Afridi is considered a staunch loyalist of Imran Khan. In the current political climate, Khan’s strategy is clear: oppose every initiative of government and establishment. From this perspective, the worry is that Afridi will adopt opposition to Islamabad’s counter-terror efforts and Afghan policy as part of his political playbook.
He hinted as much in his address to the KP Assembly on 13 October, where he criticised federal operations and spoke of negotiations over force.
Peace is the death of a terror group.
The situation in the province is dire. Militants from Afghanistan have entered border districts and launched repeated attacks on law enforcement and the army. In districts such as Bannu, Dera Ismail Khan, Karak and Lakki Marwat, the insurgents are active-areas that remained comparatively safe during the peak years of 2008-14. During the PTI tenure, the lenient approach to militants strengthened their foothold.
If the military operation pauses even for a few days, the danger is real: militants will spread across the province and fresh fighters from Afghanistan will surge into KP. The war against terror will become even harder, and the risk of widespread destruction will rise.
Afridi has consistently supported talks with militants.

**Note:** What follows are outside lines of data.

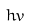Convert formula to latex. <formula><loc_0><loc_0><loc_500><loc_500>h v</formula> 
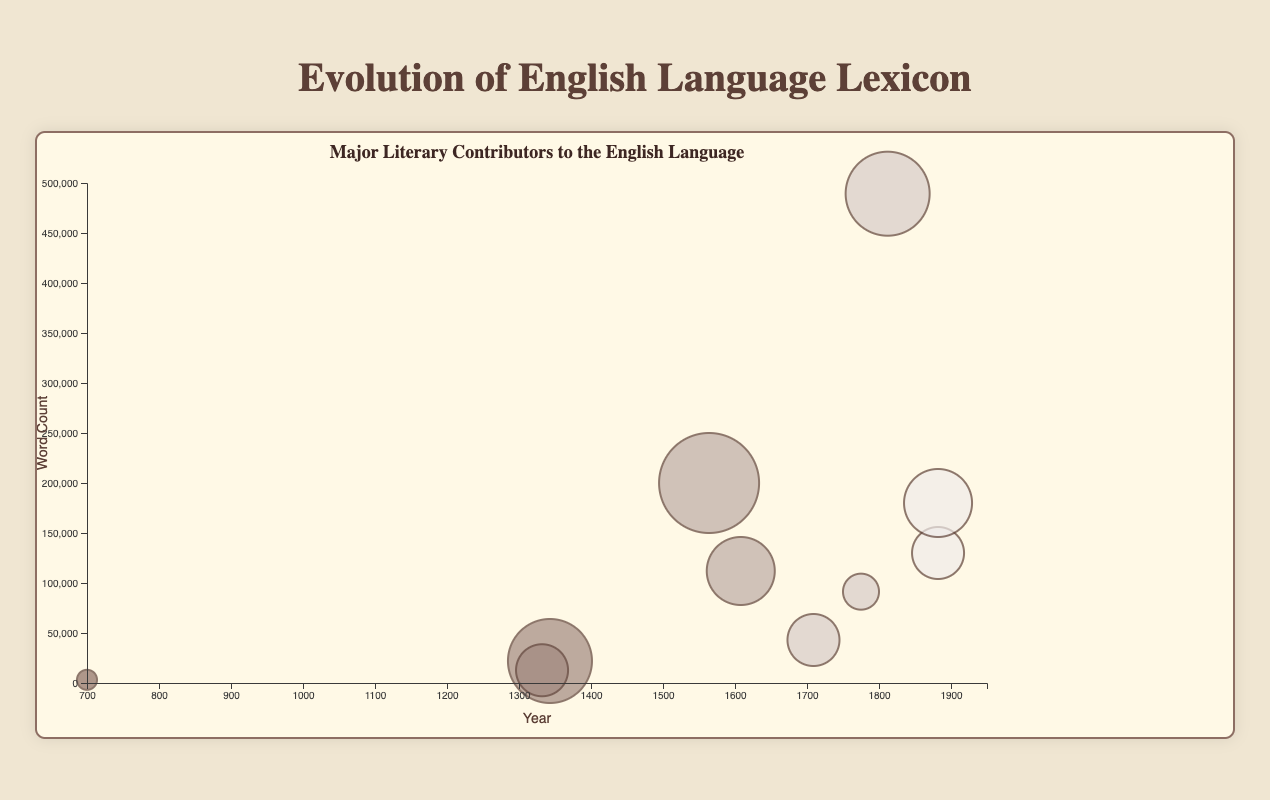What is the title of the chart? The chart's title is displayed prominently at the top center of the chart and reads "Evolution of English Language Lexicon".
Answer: Evolution of English Language Lexicon What does the y-axis represent? The y-axis label is positioned vertically on the left side of the chart and reads "Word Count".
Answer: Word Count Which era has the largest bubble, and who is the contributor? By observing the varying sizes of the bubbles, we see that the largest bubble belongs to the Early Modern English era, contributed by William Shakespeare.
Answer: Early Modern English, William Shakespeare During which years did Geoffrey Chaucer contribute to the English language? The figure includes a tooltip displaying the time span for each contributor. Geoffrey Chaucer's contribution time span is given as "1343-1400".
Answer: 1343-1400 What is the word count for John Milton, and in which era did he contribute? By examining the tooltip information over the circle for John Milton, we see that his word count is 112,000, and he contributed during the Early Modern English era.
Answer: 112,000; Early Modern English What is the average Influence Score for contributors from the Middle English era? Middle English contributors include Geoffrey Chaucer and William Langland with respective Influence Scores of 95 and 85. The average is calculated as (95 + 85) / 2 = 90.
Answer: 90 Compare the Word Counts of William Langland and Charles Dickens. Who contributed more words, and by how much? William Langland contributed 12,750 words, and Charles Dickens contributed 489,300 words. The difference is 489,300 - 12,750 = 476,550 words.
Answer: Charles Dickens, 476,550 words Which contributor has the highest Influence Score, and what is the score? Observing the size of the bubbles and the tooltip information, William Shakespeare has the highest Influence Score of 100.
Answer: William Shakespeare, 100 How many contributors are listed in the Late Modern English era? By counting the number of bubbles in the Late Modern English era section, we find there are three contributors: Samuel Johnson, Jane Austen, and Charles Dickens.
Answer: 3 Identify the contributor with the second-largest word count in Modern English and state the count. The tooltip information shows that in Modern English, James Joyce has the second-largest word count of 180,000, after Virginia Woolf with 130,000.
Answer: James Joyce, 180,000 
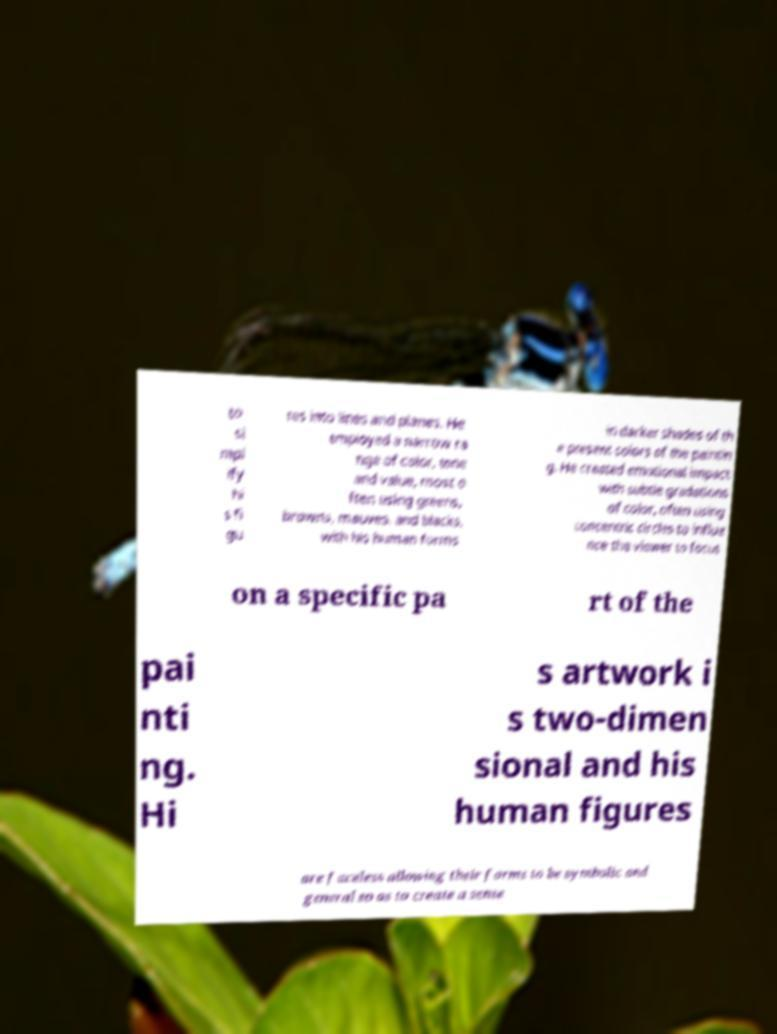There's text embedded in this image that I need extracted. Can you transcribe it verbatim? to si mpl ify hi s fi gu res into lines and planes. He employed a narrow ra nge of color, tone and value, most o ften using greens, browns, mauves, and blacks, with his human forms in darker shades of th e present colors of the paintin g. He created emotional impact with subtle gradations of color, often using concentric circles to influe nce the viewer to focus on a specific pa rt of the pai nti ng. Hi s artwork i s two-dimen sional and his human figures are faceless allowing their forms to be symbolic and general so as to create a sense 
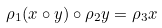Convert formula to latex. <formula><loc_0><loc_0><loc_500><loc_500>\rho _ { 1 } ( x \circ y ) \circ \rho _ { 2 } y = \rho _ { 3 } x</formula> 
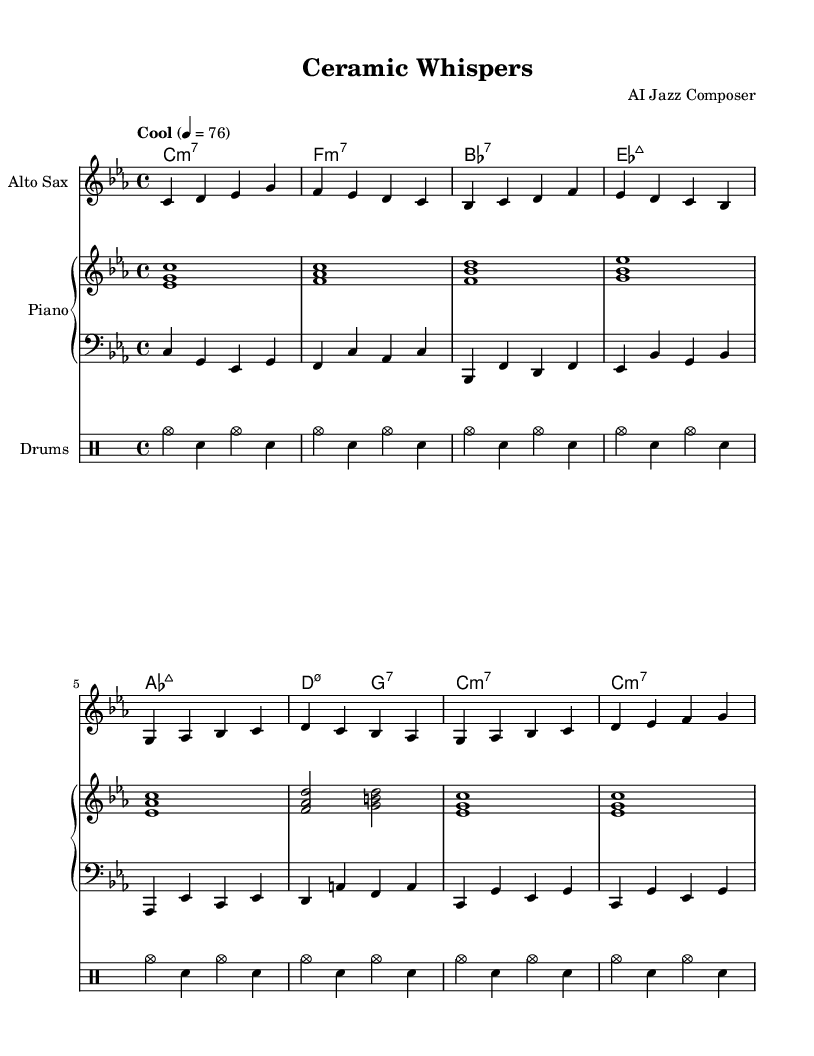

But he overlooks past lessons. Every negotiated pause allowed militants to regroup, rearm and emerge stronger. Pakistan’s history confirms it. 2004 Shakai agreement, to the 2006 North Waziristan accord, to 2021’s tentative talks under PTI. None ended in peace.
Peace is the death of a terror group. The moment it shifts from war zone to negotiated space, internal fractures arise, funding dries up, and foreign patronage ceases. Would a militant commander accept that fate?
Afridi is not just sceptical of federal policy; he rejects Islamabad’s entire Afghan engagement. He backs direct talks with the Taliban, yet ignores the fact that Pakistan has already engaged at diplomatic, political and religious levels, and yet the support network for militants remains intact. From the Mufti Taqi Usmani-led delegation in July 2022, to the 17-member tribal jirga, to the February 2023 DG ISI visit to Kabul and the July 2024 interior minister’s delegation-the efforts have been numerous. And yet attacks continue.
Now the risk emerges that Afridi, in his loyalty to Khan and hostility toward the federation, will hand KP over to terrorists. Intelligence in Islamabad fears that many KP ministers and lawmakers pay protection money to militants. Reports suggest that weak border surveillance benefits their business interests. If so, the price will be borne by ordinary people.
The taxpayers of KP have suffered the consequences of PTI’s tolerant policies. The fear is that in the coming days, this price will climb.
If Afridi wants to lead, let him take a stance-not as provincial figurehead chasing political theatre, but as guardian of Pakistan’s frontier peace.
The writer is a freelance columnist.